A Delaware state judge has rejected a request by the board of Tesla Inc. to dismiss a stockholder complaint over an “excessive” 2018 performance award to CEO Elon Musk.
In the spring of 2018, shareholders of the electric car-maker approved what may be the largest compensation deal in history for Musk, pegged on ambitions to turn Tesla into one of the world’s largest companies as it ventures beyond solar panels and electric cars.
If successful, the award could end up being worth more than $50 billion. To get it, Musk must remain at Tesla as either CEO or executive chairman and chief product officer.
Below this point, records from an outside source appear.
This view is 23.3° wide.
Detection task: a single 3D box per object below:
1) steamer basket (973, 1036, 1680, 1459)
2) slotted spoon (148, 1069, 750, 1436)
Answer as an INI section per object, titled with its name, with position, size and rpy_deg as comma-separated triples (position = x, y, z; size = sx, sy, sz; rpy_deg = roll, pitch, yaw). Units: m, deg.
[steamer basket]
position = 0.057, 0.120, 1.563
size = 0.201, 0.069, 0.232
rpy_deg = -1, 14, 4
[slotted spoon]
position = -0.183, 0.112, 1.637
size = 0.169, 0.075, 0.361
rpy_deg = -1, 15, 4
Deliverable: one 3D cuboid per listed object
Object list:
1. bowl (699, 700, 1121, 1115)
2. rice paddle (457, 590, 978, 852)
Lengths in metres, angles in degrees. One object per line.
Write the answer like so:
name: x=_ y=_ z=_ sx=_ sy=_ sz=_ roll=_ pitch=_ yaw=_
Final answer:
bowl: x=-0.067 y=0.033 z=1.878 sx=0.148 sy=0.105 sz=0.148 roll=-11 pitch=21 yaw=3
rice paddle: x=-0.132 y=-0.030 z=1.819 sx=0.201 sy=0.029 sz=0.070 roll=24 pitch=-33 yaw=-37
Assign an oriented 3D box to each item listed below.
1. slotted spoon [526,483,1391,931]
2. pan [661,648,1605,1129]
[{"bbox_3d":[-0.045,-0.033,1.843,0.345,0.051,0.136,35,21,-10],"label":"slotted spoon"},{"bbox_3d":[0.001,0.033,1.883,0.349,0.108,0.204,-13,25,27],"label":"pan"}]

Musk was stripped of the chairman title last year after a battle with the U.S. Securities and Exchange Commission over his “go private” tweet.
The shareholder sued last year, accusing the board of corporate waste and Musk of unjust enrichment.
The judge says it’s significant that Musk is Tesla’s controlling shareholder and notes “the size of the award is extraordinary; it allows Musk the potential to earn stock options with a value upwards of $55.8 billion” Musk currently has a 19% stake in the company.
In allowing three out of four claims to proceed in a case that presents novel questions of law, the judge says “the award is a transaction with a conflicted controlling stockholder and, as such, it ought to provoke heightened judicial suspicion.”
The case Tornetta v. Musk, 2018-0408, Delaware Chancery Court (Wilmington).
–With assistance from Christopher Yasiejko.